### [Directions]
Gather all lines with "testArgs" from the records.

### [Excerpted records]
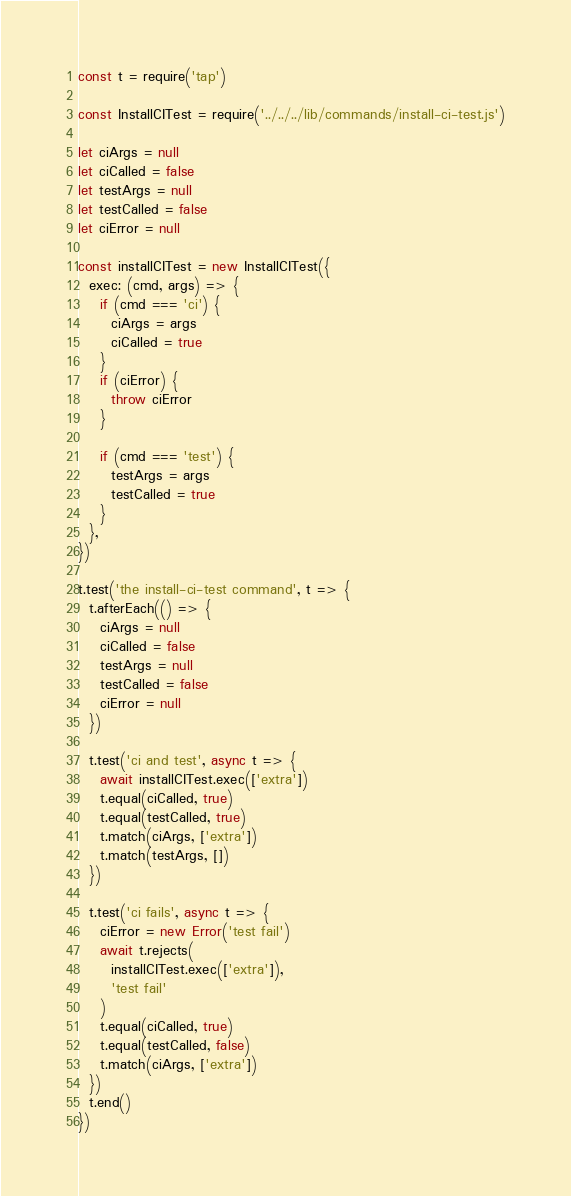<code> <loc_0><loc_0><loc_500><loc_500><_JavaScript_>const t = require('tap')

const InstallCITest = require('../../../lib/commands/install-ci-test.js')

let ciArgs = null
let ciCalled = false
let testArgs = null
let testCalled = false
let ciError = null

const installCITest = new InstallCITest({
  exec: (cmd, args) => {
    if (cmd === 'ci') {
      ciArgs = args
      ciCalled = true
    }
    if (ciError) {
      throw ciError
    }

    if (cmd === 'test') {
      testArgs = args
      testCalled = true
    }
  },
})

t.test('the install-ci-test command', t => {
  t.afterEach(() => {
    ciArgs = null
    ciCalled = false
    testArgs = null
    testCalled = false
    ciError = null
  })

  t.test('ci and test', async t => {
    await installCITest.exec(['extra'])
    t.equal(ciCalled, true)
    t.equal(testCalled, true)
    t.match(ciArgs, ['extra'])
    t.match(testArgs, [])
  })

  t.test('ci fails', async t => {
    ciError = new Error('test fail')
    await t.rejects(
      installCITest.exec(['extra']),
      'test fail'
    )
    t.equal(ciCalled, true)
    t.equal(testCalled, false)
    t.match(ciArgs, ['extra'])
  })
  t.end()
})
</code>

### [Solution to the problem]
let testArgs = null
      testArgs = args
    testArgs = null
    t.match(testArgs, [])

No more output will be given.